§ TASK DETAILS:
Instruction for the entries that follow: retype exactly the lines from the line with "for centre, radius, start, end" to the line with "msp.add_arc(centre, radius, start, end, dxfattribs=at)", both included, and omit all others.

*** DATA FOR PROCESSING Section Begins ***

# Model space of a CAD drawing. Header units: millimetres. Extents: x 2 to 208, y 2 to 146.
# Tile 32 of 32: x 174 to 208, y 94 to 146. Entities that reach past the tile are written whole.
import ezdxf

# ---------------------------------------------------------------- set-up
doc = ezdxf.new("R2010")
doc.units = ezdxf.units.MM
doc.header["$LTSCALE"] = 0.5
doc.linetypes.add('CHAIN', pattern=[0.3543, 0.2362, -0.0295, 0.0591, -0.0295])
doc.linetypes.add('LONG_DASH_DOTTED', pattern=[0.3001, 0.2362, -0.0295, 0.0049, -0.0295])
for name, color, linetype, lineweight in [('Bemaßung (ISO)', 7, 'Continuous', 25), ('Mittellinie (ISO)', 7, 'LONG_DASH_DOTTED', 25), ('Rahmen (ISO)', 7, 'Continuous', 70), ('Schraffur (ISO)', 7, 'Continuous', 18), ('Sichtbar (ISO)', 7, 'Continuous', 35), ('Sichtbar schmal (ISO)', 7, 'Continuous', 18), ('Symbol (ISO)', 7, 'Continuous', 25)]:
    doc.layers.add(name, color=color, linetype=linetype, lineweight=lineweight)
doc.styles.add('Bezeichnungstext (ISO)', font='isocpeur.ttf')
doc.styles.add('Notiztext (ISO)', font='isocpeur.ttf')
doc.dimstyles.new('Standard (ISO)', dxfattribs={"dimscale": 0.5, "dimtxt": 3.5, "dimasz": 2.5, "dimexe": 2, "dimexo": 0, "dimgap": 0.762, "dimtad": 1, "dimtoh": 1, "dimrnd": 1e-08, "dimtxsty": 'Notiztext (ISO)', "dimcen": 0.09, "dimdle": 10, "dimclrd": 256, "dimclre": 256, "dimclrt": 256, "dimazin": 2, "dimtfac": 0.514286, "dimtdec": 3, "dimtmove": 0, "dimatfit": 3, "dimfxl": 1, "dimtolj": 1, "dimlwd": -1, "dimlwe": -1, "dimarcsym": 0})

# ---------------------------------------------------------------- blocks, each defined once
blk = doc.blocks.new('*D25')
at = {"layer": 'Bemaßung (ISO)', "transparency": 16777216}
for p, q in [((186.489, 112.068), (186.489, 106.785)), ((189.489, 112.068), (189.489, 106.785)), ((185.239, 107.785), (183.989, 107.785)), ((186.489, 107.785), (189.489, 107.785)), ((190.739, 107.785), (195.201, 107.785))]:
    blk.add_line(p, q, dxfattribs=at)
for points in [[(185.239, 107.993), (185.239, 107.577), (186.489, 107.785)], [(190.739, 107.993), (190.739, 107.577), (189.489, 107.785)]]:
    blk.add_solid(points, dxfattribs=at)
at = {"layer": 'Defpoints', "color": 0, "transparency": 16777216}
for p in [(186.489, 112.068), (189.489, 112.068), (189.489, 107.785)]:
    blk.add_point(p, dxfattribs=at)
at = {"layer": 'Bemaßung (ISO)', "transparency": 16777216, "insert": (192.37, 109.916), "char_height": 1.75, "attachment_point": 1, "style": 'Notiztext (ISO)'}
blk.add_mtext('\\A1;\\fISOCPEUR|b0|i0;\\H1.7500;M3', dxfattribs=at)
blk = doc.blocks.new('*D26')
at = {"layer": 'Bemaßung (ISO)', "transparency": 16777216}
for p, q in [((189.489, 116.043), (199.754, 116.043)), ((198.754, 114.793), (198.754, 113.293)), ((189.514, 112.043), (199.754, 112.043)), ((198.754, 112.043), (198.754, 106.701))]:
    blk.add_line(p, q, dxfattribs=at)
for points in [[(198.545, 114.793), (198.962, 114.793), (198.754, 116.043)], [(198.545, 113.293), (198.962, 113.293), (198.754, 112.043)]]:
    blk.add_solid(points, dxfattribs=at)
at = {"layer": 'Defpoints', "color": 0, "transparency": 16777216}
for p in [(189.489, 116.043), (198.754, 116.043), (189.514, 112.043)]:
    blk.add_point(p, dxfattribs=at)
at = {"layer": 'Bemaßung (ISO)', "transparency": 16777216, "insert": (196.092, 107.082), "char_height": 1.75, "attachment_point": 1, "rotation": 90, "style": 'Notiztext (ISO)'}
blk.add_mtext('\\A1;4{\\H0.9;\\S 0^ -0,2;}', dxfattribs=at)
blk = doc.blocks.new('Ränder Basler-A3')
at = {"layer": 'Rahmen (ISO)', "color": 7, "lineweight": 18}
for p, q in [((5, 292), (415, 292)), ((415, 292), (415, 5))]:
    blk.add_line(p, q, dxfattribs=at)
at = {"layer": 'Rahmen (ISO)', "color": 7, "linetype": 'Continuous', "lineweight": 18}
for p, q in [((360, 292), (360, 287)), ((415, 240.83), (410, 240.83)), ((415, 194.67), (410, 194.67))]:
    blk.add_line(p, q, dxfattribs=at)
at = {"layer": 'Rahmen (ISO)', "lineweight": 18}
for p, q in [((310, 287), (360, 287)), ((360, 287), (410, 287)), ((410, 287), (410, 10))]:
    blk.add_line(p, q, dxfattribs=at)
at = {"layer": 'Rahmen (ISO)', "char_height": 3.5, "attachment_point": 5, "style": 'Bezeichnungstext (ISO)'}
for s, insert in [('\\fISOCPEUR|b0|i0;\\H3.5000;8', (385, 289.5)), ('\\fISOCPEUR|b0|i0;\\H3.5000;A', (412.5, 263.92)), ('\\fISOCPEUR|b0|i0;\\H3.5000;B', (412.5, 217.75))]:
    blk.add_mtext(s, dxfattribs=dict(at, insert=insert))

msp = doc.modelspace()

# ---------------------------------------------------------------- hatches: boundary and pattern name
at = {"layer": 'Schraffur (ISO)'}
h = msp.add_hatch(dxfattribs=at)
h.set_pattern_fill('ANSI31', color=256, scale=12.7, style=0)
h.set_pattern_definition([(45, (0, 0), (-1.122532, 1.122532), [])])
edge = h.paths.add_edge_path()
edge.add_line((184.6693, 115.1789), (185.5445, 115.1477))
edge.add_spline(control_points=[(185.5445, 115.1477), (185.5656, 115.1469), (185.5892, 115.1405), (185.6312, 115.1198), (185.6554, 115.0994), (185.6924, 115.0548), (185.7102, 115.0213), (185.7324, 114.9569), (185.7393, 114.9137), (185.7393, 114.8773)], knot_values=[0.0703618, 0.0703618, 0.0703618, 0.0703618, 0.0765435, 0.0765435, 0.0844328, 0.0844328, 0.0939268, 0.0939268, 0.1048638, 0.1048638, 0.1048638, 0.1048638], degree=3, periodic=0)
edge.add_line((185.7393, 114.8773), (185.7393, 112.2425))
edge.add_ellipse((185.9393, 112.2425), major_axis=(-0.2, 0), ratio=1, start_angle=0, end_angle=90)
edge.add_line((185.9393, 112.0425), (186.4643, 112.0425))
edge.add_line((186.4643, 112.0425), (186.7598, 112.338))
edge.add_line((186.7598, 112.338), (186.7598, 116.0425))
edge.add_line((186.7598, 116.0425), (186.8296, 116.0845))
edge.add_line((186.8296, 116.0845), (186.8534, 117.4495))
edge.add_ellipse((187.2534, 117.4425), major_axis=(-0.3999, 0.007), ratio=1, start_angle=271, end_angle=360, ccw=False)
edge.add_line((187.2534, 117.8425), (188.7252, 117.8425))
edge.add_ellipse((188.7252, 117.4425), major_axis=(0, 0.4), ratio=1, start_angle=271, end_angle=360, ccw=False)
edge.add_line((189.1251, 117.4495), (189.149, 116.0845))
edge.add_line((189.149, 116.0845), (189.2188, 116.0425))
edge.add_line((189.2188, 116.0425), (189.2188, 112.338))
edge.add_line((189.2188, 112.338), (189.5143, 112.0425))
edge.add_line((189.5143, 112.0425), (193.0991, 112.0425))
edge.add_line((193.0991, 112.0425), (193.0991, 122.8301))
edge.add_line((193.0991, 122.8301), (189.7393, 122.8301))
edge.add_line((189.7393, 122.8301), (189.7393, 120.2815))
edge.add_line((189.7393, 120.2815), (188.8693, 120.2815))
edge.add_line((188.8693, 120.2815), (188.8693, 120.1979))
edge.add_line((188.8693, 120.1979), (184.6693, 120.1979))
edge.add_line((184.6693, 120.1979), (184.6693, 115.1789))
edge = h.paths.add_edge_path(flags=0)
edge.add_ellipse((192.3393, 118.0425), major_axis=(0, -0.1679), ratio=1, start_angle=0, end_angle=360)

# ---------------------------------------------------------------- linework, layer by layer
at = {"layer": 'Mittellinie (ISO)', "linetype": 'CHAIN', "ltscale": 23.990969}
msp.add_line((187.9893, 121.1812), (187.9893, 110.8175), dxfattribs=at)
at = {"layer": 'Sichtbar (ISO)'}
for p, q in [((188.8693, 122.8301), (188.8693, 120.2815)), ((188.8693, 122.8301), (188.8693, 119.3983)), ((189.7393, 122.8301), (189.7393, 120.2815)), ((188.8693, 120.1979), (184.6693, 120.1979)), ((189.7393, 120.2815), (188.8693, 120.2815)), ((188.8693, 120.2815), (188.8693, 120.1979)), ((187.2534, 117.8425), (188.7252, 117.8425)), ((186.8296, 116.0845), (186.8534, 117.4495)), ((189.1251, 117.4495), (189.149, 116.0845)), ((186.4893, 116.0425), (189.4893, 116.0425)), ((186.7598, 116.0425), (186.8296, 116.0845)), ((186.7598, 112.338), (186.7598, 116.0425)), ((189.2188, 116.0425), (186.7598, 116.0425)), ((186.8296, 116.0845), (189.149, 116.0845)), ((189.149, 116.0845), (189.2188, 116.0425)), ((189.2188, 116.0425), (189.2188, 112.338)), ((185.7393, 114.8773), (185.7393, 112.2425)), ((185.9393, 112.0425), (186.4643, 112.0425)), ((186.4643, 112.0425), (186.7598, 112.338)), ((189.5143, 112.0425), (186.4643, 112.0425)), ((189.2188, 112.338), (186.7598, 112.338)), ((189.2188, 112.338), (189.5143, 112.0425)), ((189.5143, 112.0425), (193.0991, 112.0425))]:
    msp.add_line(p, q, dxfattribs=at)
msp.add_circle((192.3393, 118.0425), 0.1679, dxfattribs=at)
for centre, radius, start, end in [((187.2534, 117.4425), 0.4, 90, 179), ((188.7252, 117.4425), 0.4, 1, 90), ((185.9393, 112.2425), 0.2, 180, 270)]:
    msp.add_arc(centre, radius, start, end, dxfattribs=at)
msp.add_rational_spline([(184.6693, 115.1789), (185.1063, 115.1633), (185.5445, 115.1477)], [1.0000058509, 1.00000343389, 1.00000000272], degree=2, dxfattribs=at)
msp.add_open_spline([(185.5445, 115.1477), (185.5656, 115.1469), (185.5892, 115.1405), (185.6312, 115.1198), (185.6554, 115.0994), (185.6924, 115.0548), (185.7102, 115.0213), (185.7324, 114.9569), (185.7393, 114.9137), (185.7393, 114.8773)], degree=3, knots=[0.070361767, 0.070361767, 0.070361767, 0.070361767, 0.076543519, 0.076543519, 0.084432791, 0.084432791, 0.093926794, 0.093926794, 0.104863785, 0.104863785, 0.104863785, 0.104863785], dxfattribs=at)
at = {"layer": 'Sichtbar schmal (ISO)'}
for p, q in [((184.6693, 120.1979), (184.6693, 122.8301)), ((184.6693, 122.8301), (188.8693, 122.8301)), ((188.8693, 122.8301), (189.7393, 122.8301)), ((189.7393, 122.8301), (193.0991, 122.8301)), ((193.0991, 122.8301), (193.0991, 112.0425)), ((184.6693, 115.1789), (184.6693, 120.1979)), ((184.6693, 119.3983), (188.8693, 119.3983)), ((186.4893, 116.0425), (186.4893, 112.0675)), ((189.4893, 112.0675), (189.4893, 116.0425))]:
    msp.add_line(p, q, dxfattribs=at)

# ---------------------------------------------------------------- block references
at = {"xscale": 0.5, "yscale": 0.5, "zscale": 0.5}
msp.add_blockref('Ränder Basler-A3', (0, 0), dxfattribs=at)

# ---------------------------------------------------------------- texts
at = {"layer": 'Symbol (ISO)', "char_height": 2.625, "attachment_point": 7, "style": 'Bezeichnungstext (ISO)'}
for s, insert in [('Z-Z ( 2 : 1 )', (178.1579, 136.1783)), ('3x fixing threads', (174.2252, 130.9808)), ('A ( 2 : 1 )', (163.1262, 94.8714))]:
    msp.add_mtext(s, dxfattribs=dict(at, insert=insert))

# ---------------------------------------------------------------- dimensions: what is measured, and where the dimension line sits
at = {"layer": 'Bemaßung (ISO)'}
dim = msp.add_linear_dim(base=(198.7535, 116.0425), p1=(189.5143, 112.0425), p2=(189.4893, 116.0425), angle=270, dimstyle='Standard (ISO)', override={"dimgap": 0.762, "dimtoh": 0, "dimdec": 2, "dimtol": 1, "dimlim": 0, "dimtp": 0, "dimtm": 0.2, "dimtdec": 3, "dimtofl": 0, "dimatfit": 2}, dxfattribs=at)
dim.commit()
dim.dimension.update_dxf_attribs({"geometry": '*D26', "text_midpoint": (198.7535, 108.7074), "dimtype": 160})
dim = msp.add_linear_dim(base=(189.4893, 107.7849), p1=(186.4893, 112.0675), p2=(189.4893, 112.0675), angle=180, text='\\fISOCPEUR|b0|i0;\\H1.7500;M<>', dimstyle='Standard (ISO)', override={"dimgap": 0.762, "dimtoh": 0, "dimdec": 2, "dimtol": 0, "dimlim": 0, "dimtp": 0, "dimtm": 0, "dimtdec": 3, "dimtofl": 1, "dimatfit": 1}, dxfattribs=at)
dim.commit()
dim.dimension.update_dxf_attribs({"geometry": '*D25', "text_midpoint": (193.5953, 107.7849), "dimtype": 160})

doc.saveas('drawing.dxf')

*** DATA FOR PROCESSING Section Ends ***

§ TASK RESULT:
for centre, radius, start, end in [((187.2534, 117.4425), 0.4, 90, 179), ((188.7252, 117.4425), 0.4, 1, 90), ((185.9393, 112.2425), 0.2, 180, 270)]:
    msp.add_arc(centre, radius, start, end, dxfattribs=at)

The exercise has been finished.